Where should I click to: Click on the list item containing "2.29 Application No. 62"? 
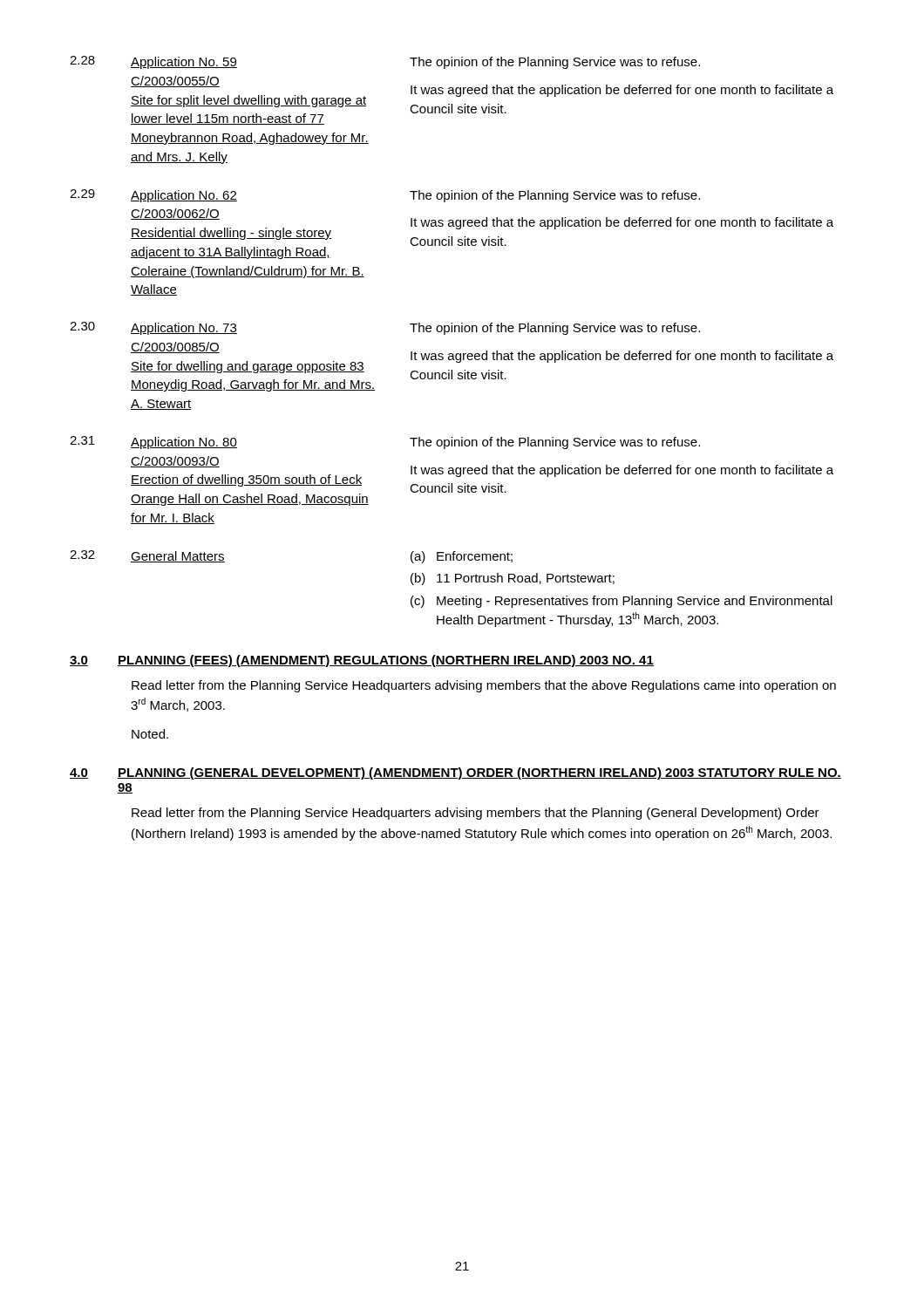pos(462,242)
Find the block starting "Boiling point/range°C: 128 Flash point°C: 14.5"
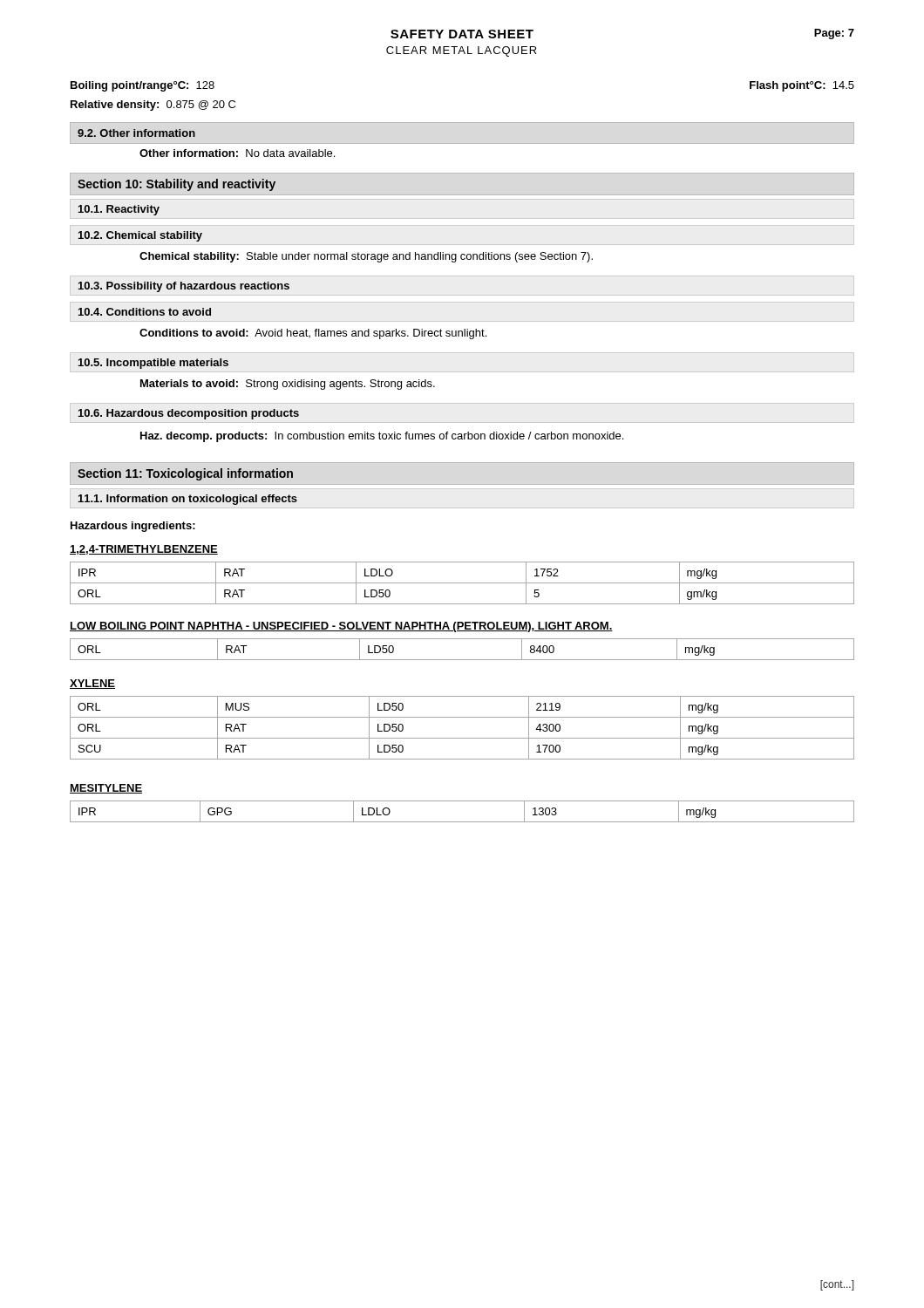Screen dimensions: 1308x924 (135, 86)
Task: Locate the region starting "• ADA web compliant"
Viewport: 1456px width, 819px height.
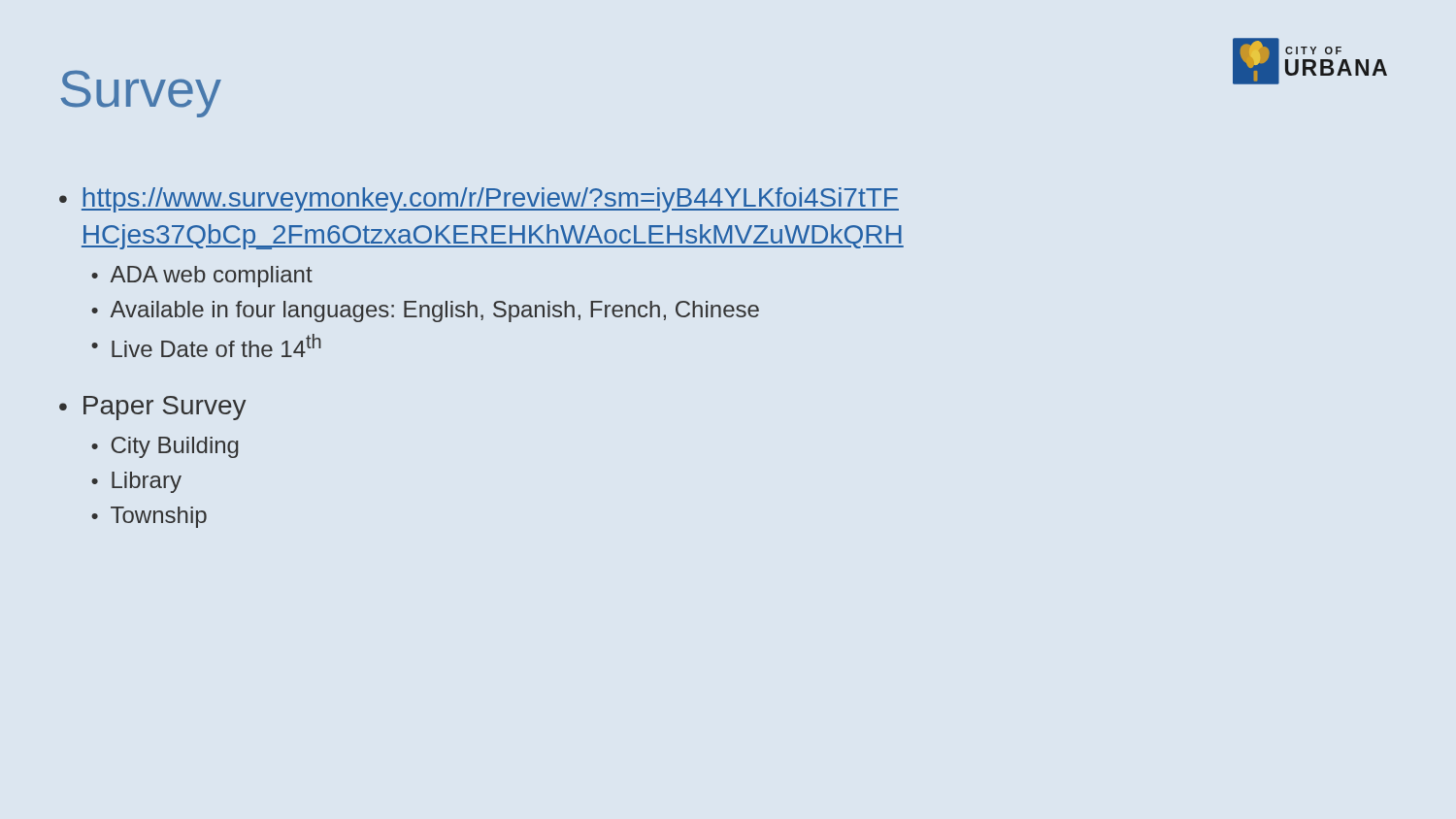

What the task asks: A faithful copy of all the entries is required, pictures excluded.

Solution below:
Where should I click to: Click on the list item containing "2.29 Application No. 62"? 
pos(462,242)
Find the block starting "Boiling point/range°C: 128 Flash point°C: 14.5"
Screen dimensions: 1308x924 (135, 86)
Task: Locate the region starting "• ADA web compliant"
Viewport: 1456px width, 819px height.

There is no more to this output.